The Correct Option is B

The problem involves finding the angle between the diagonals of a cube where each side has a length of \( x \). To solve this, we consider a cube with vertices at \((0,0,0)\), \((x,0,0)\), \((0,x,0)\), \((0,0,x)\), \((x,x,0)\), \((0,x,x)\), \((x,0,x)\), and \((x,x,x)\). The main body diagonals of the cube run from \((0,0,0)\) to \((x,x,x)\) and from \((x,0,0)\) to \((0,x,x)\).

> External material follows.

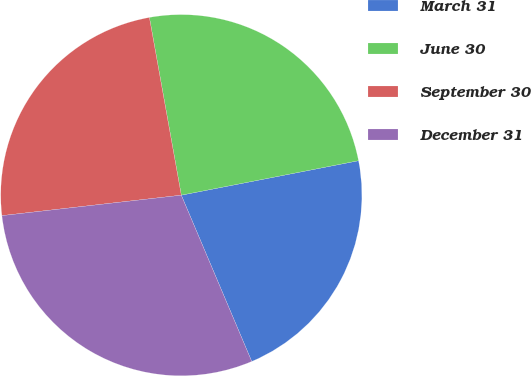<chart> <loc_0><loc_0><loc_500><loc_500><pie_chart><fcel>March 31<fcel>June 30<fcel>September 30<fcel>December 31<nl><fcel>21.68%<fcel>24.77%<fcel>23.98%<fcel>29.57%<nl></chart>

Let's calculate the vectors representing these diagonals. The first diagonal vector is \(\vec{a} = x\hat{i} + x\hat{j} + x\hat{k}\) and the second diagonal vector is \(\vec{b} = -x\hat{i} + x\hat{j} + x\hat{k}\).
Next, we find the dot product \(\vec{a} \cdot \vec{b}\):
\( \vec{a} \cdot \vec{b} = (x)(-x) + (x)(x) + (x)(x) = -x^2 + x^2 + x^2 = x^2 \).
The magnitudes of \(\vec{a}\) and \(\vec{b}\) are:
\(|\vec{a}| = |\vec{b}| = \sqrt{x^2 + x^2 + x^2} = \sqrt{3x^2} = x\sqrt{3}\).
The cosine of the angle \(\theta\) between these vectors is given by:
\(\cos\theta = \frac{\vec{a} \cdot \vec{b}}{|\vec{a}||\vec{b}|} = \frac{x^2}{x\sqrt{3} \cdot x\sqrt{3}} = \frac{x^2}{3x^2} = \frac{1}{3}\).
Therefore, the angle \(\theta\) is \(\cos^{-1}\left(\frac{1}{3}\right)\).
The correct answer is \(\cos^{-1}\left(\frac{1}{3}\right)\).